* **How to complete this task**: Given the material below, return only the lines starting at the line with "If you don't" and ending at the line with "- small box [804,161,1063,358]", exactly as they appear.

* **Supplied records**:
☆ ☆ ☆
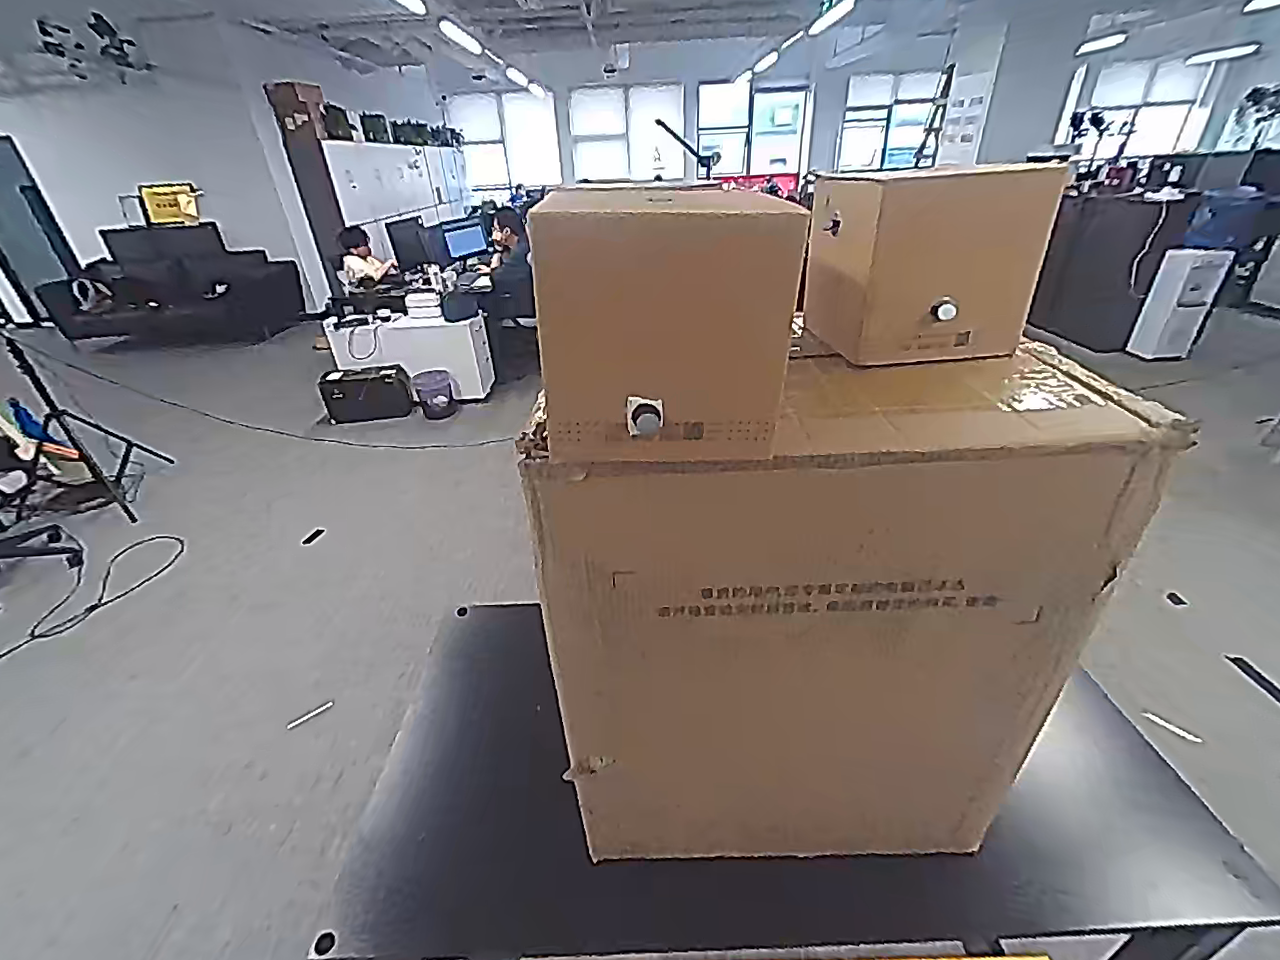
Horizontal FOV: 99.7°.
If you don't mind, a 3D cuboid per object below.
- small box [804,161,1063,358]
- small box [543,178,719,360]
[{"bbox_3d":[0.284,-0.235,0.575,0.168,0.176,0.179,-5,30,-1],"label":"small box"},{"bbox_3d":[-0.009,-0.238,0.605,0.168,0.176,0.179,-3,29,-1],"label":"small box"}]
☆ ☆ ☆
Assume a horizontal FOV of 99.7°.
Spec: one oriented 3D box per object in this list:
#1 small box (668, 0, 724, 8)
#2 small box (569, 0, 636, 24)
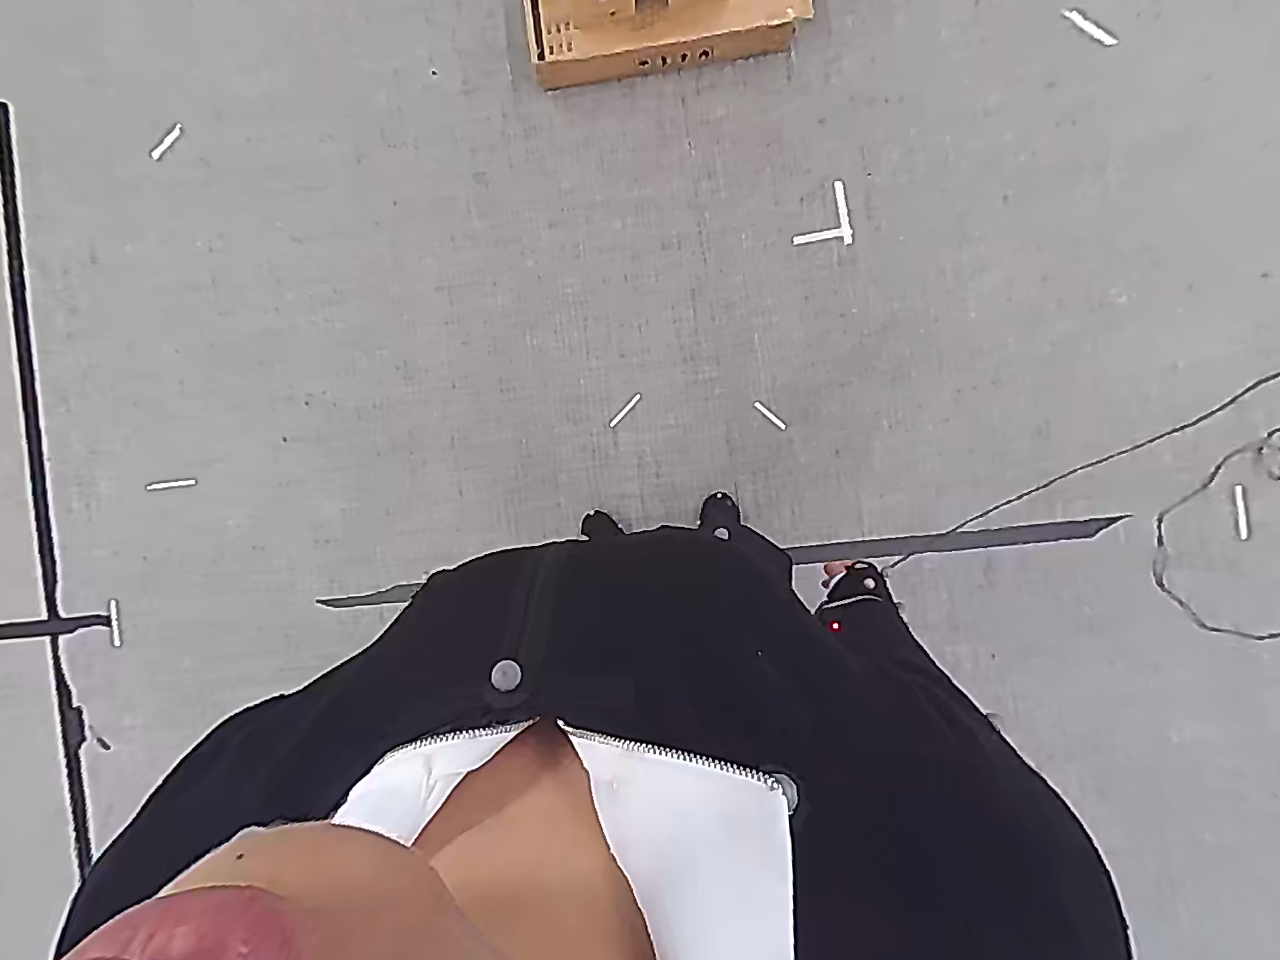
☆ ☆ ☆
* **Finished exercise**:
If you don't mind, a 3D cuboid per object below.
- small box [804,161,1063,358]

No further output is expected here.